* **DIRECTIONS**
Look through the entries below and extract exactly the lines from the one containing "9) plant pot (357, 148, 466, 210)" through the one containing "notebook,-0.660,0.256,1.425,0.137,0.014,0.192,7,64,0", ends included.

* **DATA TO PROCESS**
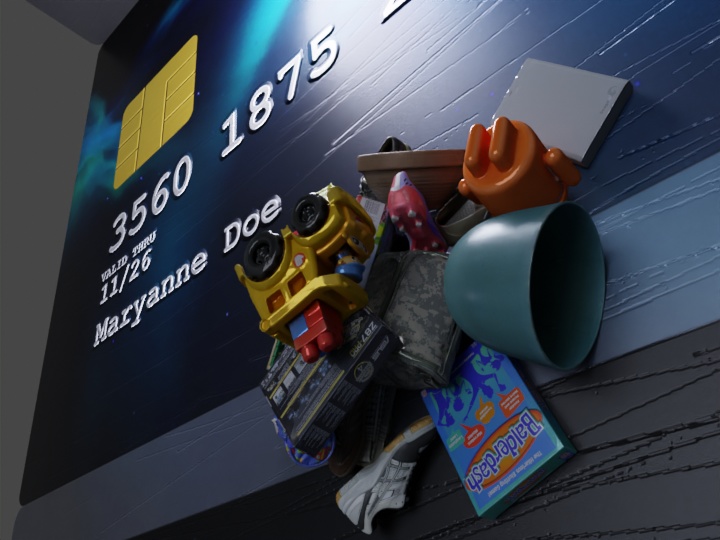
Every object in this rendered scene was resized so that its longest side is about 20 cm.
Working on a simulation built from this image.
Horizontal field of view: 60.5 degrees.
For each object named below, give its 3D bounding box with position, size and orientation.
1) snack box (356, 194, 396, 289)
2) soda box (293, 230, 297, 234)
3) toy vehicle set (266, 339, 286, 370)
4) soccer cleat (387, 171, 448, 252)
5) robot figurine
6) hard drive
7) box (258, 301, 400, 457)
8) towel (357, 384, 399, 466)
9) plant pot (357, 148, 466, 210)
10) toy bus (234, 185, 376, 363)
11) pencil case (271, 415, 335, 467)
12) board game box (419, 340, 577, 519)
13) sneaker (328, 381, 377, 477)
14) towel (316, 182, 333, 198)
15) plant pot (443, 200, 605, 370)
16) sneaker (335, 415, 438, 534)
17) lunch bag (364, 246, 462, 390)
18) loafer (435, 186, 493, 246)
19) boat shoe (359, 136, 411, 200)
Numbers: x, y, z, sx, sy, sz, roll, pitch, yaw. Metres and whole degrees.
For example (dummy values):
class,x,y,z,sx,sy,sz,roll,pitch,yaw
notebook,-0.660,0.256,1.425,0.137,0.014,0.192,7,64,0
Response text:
class,x,y,z,sx,sy,sz,roll,pitch,yaw
snack box,0.000,0.000,1.049,0.065,0.169,0.206,15,79,10
soda box,-0.121,0.002,1.194,0.069,0.064,0.203,-25,32,26
toy vehicle set,-0.105,0.099,1.186,0.122,0.026,0.206,-10,55,43
soccer cleat,0.094,-0.071,0.973,0.065,0.200,0.079,-10,60,22
robot figurine,0.218,-0.128,0.869,0.143,0.198,0.118,-41,42,16
hard drive,0.306,-0.253,0.969,0.199,0.026,0.134,37,98,48
box,-0.051,0.131,0.879,0.202,0.049,0.161,-54,33,0
towel,-0.016,0.224,1.057,0.196,0.034,0.199,-4,69,44
plant pot,0.092,-0.149,1.036,0.197,0.197,0.096,4,101,45
toy bus,-0.053,0.020,0.837,0.198,0.135,0.195,-38,50,13
pencil case,-0.095,0.253,0.992,0.200,0.084,0.081,165,103,-77
board game box,0.182,0.207,0.857,0.152,0.044,0.202,-46,45,19
sneaker,-0.027,0.224,0.995,0.069,0.074,0.207,7,79,47
towel,-0.070,-0.113,1.226,0.084,0.018,0.202,-25,34,0
plant pot,0.206,0.018,0.815,0.158,0.198,0.207,1,71,47
sneaker,0.056,0.308,0.930,0.200,0.075,0.088,-45,76,6
lunch bag,0.090,0.072,0.930,0.164,0.139,0.204,1,57,42
loafer,0.194,-0.119,0.985,0.202,0.067,0.076,-52,44,13
boat shoe,0.027,-0.158,1.172,0.071,0.065,0.205,30,94,45

* **ANSWER TO THIS EXERCISE**
9) plant pot (357, 148, 466, 210)
10) toy bus (234, 185, 376, 363)
11) pencil case (271, 415, 335, 467)
12) board game box (419, 340, 577, 519)
13) sneaker (328, 381, 377, 477)
14) towel (316, 182, 333, 198)
15) plant pot (443, 200, 605, 370)
16) sneaker (335, 415, 438, 534)
17) lunch bag (364, 246, 462, 390)
18) loafer (435, 186, 493, 246)
19) boat shoe (359, 136, 411, 200)
Numbers: x, y, z, sx, sy, sz, roll, pitch, yaw. Metres and whole degrees.
For example (dummy values):
class,x,y,z,sx,sy,sz,roll,pitch,yaw
notebook,-0.660,0.256,1.425,0.137,0.014,0.192,7,64,0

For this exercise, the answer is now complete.